DATASET EXTRACT –
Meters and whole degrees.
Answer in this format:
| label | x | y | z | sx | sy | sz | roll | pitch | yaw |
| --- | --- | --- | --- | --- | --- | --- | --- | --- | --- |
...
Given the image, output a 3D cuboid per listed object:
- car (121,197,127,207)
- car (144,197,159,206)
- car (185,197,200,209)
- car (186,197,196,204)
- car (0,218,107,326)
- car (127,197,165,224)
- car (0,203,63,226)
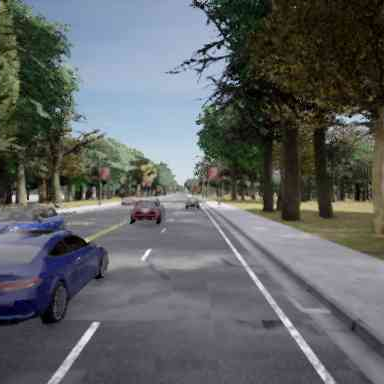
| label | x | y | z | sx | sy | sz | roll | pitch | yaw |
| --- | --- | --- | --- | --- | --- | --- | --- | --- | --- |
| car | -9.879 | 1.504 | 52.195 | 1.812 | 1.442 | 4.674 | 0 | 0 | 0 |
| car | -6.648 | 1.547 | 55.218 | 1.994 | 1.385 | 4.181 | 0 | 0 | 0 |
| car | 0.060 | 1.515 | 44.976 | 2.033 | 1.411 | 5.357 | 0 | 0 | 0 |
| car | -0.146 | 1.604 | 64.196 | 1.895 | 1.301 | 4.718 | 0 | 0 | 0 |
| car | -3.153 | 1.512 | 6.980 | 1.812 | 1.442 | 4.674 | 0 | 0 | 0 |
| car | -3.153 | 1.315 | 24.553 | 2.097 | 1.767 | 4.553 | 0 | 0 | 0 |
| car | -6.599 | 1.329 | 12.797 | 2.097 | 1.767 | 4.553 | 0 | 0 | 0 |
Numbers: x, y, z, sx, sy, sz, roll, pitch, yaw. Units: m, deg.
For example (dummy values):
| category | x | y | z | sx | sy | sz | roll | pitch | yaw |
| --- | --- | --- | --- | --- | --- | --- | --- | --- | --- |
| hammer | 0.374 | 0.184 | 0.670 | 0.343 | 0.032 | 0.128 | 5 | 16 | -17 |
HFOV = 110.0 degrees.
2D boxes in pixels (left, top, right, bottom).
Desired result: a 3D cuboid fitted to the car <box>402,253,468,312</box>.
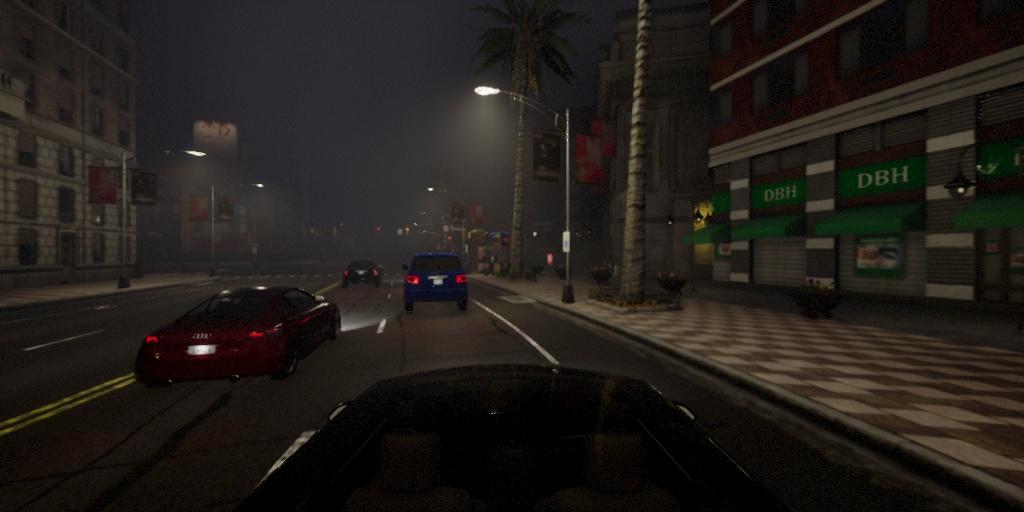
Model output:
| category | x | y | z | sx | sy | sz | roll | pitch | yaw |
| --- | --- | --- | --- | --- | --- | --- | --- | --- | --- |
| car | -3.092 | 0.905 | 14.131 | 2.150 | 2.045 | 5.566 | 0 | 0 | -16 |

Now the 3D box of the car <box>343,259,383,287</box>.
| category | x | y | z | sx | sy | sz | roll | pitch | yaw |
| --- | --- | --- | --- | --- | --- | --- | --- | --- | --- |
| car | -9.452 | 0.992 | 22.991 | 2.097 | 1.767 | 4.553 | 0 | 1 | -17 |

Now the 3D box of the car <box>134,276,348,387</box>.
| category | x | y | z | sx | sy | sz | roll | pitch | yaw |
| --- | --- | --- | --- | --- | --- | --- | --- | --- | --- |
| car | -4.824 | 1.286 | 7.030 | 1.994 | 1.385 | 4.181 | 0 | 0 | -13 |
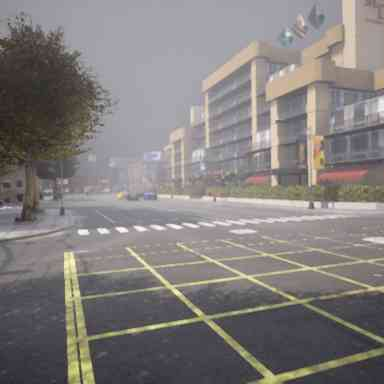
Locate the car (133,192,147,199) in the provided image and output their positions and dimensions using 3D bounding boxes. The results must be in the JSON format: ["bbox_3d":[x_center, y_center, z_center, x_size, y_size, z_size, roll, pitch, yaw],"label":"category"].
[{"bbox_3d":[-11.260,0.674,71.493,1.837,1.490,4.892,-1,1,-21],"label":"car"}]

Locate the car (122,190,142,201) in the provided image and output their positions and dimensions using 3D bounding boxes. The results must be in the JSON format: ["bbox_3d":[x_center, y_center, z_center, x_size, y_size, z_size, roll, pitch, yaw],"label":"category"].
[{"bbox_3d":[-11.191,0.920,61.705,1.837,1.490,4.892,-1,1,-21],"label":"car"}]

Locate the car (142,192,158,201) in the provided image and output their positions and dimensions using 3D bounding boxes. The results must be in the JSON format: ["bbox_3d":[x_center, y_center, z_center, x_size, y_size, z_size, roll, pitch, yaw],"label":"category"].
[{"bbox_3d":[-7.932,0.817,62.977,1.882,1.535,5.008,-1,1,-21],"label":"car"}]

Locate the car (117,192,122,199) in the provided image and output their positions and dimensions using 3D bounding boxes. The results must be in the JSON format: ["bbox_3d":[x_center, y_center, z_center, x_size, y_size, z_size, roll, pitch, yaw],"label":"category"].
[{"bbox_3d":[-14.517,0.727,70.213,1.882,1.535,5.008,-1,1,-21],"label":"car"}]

WHAT YOU HAVE TO DO – Among the lines of the data above, find those with the word "degrees" and show them.

ANSWER FOR THE TASK –
Meters and whole degrees.
HFOV = 110.0 degrees.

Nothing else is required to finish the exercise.